Wednesday, 15 August 2012

Today's pop music really does all sound the same — and science can prove it [Musicology]

Today's pop music really does all sound the same — and science can prove it [Musicology]:
Today's pop music really does all sound the same — and science can prove itMusic snobs, take heed. Detailed analysis of songs produced between 1955 and 2010 confirms what you've always known in your heart to be true: modern pop music really has gotten louder, and it all sounds exactly the same. All aboard the train to smug-town!
Your vindication comes in the form of a peer-reviewed study, published in the latest issue of Scientific Reports, that finds pop songs have become "intrinsically louder" and have come to rely more on more on the same chords, melodies, and sound palettes.
"We found evidence of a progressive homogenization of the musical discourse," said artificial intelligence expert and musicologist Joan Serrà, who led the study, in an interview with Reuters. "In particular, we obtained numerical indicators that the diversity of transitions between note combinations — roughly speaking, chords plus melodies — has consistently diminished in the last 50 years."
So there you have it. Pop music really does all sound the same — except now you've got the cold, hard data to back it up. As the researchers point out in their study:
Some of the conclusions reported here have historically remained as conjectures, based on restricted resources, or rather framed under subjective, qualitative, and non-systematic premises.

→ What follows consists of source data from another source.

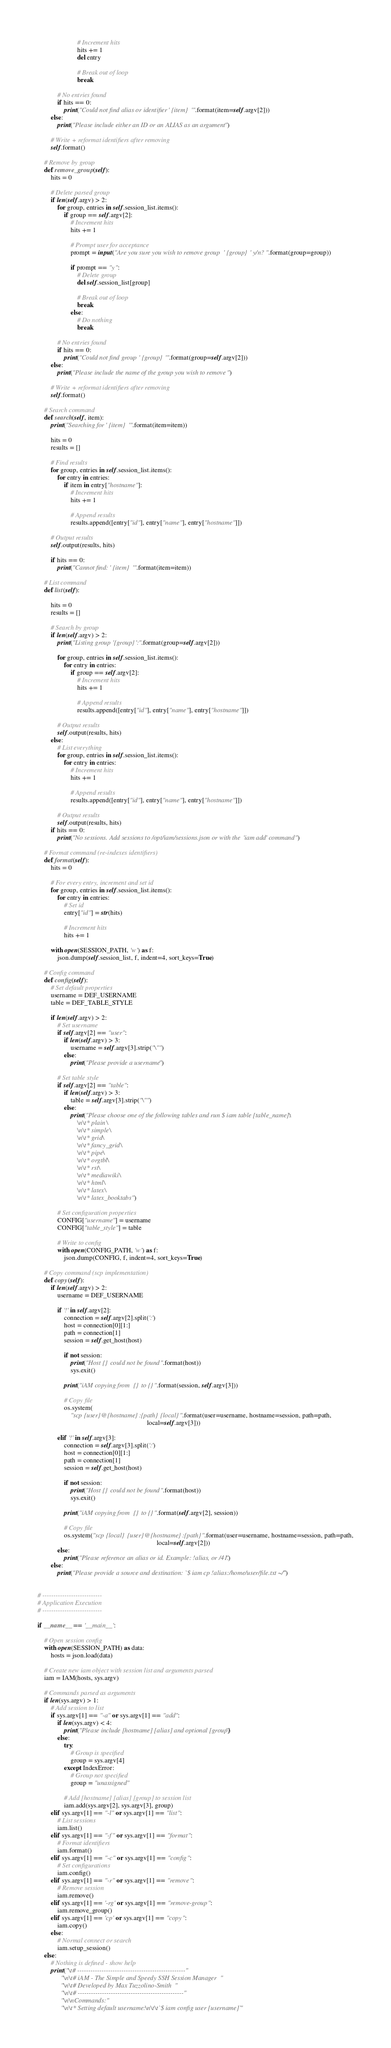<code> <loc_0><loc_0><loc_500><loc_500><_Python_>                        # Increment hits
                        hits += 1
                        del entry

                        # Break out of loop
                        break

            # No entries found
            if hits == 0:
                print("Could not find alias or identifier ' {item} '".format(item=self.argv[2]))
        else:
            print("Please include either an ID or an ALIAS as an argument")

        # Write + reformat identifiers after removing
        self.format()

    # Remove by group
    def remove_group(self):
        hits = 0

        # Delete parsed group
        if len(self.argv) > 2:
            for group, entries in self.session_list.items():
                if group == self.argv[2]:
                    # Increment hits
                    hits += 1

                    # Prompt user for acceptance
                    prompt = input("Are you sure you wish to remove group ' {group} ' y/n? ".format(group=group))

                    if prompt == "y":
                        # Delete group
                        del self.session_list[group]

                        # Break out of loop
                        break
                    else:
                        # Do nothing
                        break

            # No entries found
            if hits == 0:
                print("Could not find group ' {group} '".format(group=self.argv[2]))
        else:
            print("Please include the name of the group you wish to remove")

        # Write + reformat identifiers after removing
        self.format()

    # Search command
    def search(self, item):
        print("Searching for ' {item} '".format(item=item))

        hits = 0
        results = []

        # Find results
        for group, entries in self.session_list.items():
            for entry in entries:
                if item in entry["hostname"]:
                    # Increment hits
                    hits += 1

                    # Append results
                    results.append([entry["id"], entry["name"], entry["hostname"]])

        # Output results
        self.output(results, hits)

        if hits == 0:
            print("Cannot find: ' {item} '".format(item=item))

    # List command
    def list(self):

        hits = 0
        results = []

        # Search by group
        if len(self.argv) > 2:
            print("Listing group '{group}':".format(group=self.argv[2]))

            for group, entries in self.session_list.items():
                for entry in entries:
                    if group == self.argv[2]:
                        # Increment hits
                        hits += 1

                        # Append results
                        results.append([entry["id"], entry["name"], entry["hostname"]])

            # Output results
            self.output(results, hits)
        else:
            # List everything
            for group, entries in self.session_list.items():
                for entry in entries:
                    # Increment hits
                    hits += 1

                    # Append results
                    results.append([entry["id"], entry["name"], entry["hostname"]])

            # Output results
            self.output(results, hits)
        if hits == 0:
            print("No sessions. Add sessions to /opt/iam/sessions.json or with the 'iam add' command")

    # Format command (re-indexes identifiers)
    def format(self):
        hits = 0

        # For every entry, increment and set id
        for group, entries in self.session_list.items():
            for entry in entries:
                # Set id
                entry["id"] = str(hits)

                # Increment hits
                hits += 1

        with open(SESSION_PATH, 'w') as f:
            json.dump(self.session_list, f, indent=4, sort_keys=True)

    # Config command
    def config(self):
        # Set default properties
        username = DEF_USERNAME
        table = DEF_TABLE_STYLE

        if len(self.argv) > 2:
            # Set username
            if self.argv[2] == "user":
                if len(self.argv) > 3:
                    username = self.argv[3].strip("\"")
                else:
                    print("Please provide a username")

            # Set table style
            if self.argv[2] == "table":
                if len(self.argv) > 3:
                    table = self.argv[3].strip("\"")
                else:
                    print("Please choose one of the following tables and run $ iam table [table_name]:\
                        \n\t* plain \
                        \n\t* simple\
                        \n\t* grid\
                        \n\t* fancy_grid\
                        \n\t* pipe\
                        \n\t* orgtbl\
                        \n\t* rst\
                        \n\t* mediawiki\
                        \n\t* html\
                        \n\t* latex\
                        \n\t* latex_booktabs")

            # Set configuration properties
            CONFIG["username"] = username
            CONFIG["table_style"] = table

            # Write to config
            with open(CONFIG_PATH, 'w') as f:
                json.dump(CONFIG, f, indent=4, sort_keys=True)

    # Copy command (scp implementation)
    def copy(self):
        if len(self.argv) > 2:
            username = DEF_USERNAME

            if '!' in self.argv[2]:
                connection = self.argv[2].split(':')
                host = connection[0][1:]
                path = connection[1]
                session = self.get_host(host)

                if not session:
                    print("Host {} could not be found".format(host))
                    sys.exit()

                print("iAM copying from {} to {}".format(session, self.argv[3]))

                # Copy file
                os.system(
                    "scp {user}@{hostname}:{path} {local}".format(user=username, hostname=session, path=path,
                                                                  local=self.argv[3]))

            elif '!' in self.argv[3]:
                connection = self.argv[3].split(':')
                host = connection[0][1:]
                path = connection[1]
                session = self.get_host(host)

                if not session:
                    print("Host {} could not be found".format(host))
                    sys.exit()

                print("iAM copying from {} to {}".format(self.argv[2], session))

                # Copy file
                os.system("scp {local} {user}@{hostname}:{path}".format(user=username, hostname=session, path=path,
                                                                        local=self.argv[2]))
            else:
                print("Please reference an alias or id. Example: !alias, or /41.")
        else:
            print("Please provide a source and destination: `$ iam cp !alias:/home/user/file.txt ~/`")


# ---------------------------
# Application Execution
# ---------------------------

if __name__ == '__main__':

    # Open session config
    with open(SESSION_PATH) as data:
        hosts = json.load(data)

    # Create new iam object with session list and arguments parsed
    iam = IAM(hosts, sys.argv)

    # Commands parsed as arguments
    if len(sys.argv) > 1:
        # Add session to list
        if sys.argv[1] == "-a" or sys.argv[1] == "add":
            if len(sys.argv) < 4:
                print("Please include [hostname] [alias] and optional [group]")
            else:
                try:
                    # Group is specified
                    group = sys.argv[4]
                except IndexError:
                    # Group not specified
                    group = "unassigned"

                # Add [hostname] [alias] [group] to session list
                iam.add(sys.argv[2], sys.argv[3], group)
        elif sys.argv[1] == "-l" or sys.argv[1] == "list":
            # List sessions
            iam.list()
        elif sys.argv[1] == "-f" or sys.argv[1] == "format":
            # Format identifiers
            iam.format()
        elif sys.argv[1] == "-c" or sys.argv[1] == "config":
            # Set configurations
            iam.config()
        elif sys.argv[1] == "-r" or sys.argv[1] == "remove":
            # Remove session
            iam.remove()
        elif sys.argv[1] == '-rg' or sys.argv[1] == "remove-group":
            iam.remove_group()
        elif sys.argv[1] == 'cp' or sys.argv[1] == "copy":
            iam.copy()
        else:
            # Normal connect or search
            iam.setup_session()
    else:
        # Nothing is defined - show help
        print("\t# -------------------------------------------------"
              "\n\t# iAM - The Simple and Speedy SSH Session Manager"
              "\n\t# Developed by Max Tuzzolino-Smith"
              "\n\t# ------------------------------------------------"
              "\n\nCommands:"
              "\n\t* Setting default username:\n\t\t`$ iam config user [username]`"</code>

With the present work, we gain empirical evidence through a formal, quantitative, and systematic analysis of a large-scale music collection.
To be fair, Serrà and his colleagues discovered these patterns in contemporary Western popular music; the researchers were relying on samples collected from the Million Song Dataset, which, while certainly impressive, is a bit limited in global/cultural scope; but at least the researchers recognize this:
We encourage the development of further historical databases to be able to quantify the major transitions in the history of music, and to start looking at more subtle evolving characteristics of particular genres or artists, without forgetting the whole wealth of cultures and music styles present in the world.
The researchers' findings are published in the latest issue of Scientific Reports (no subscription required).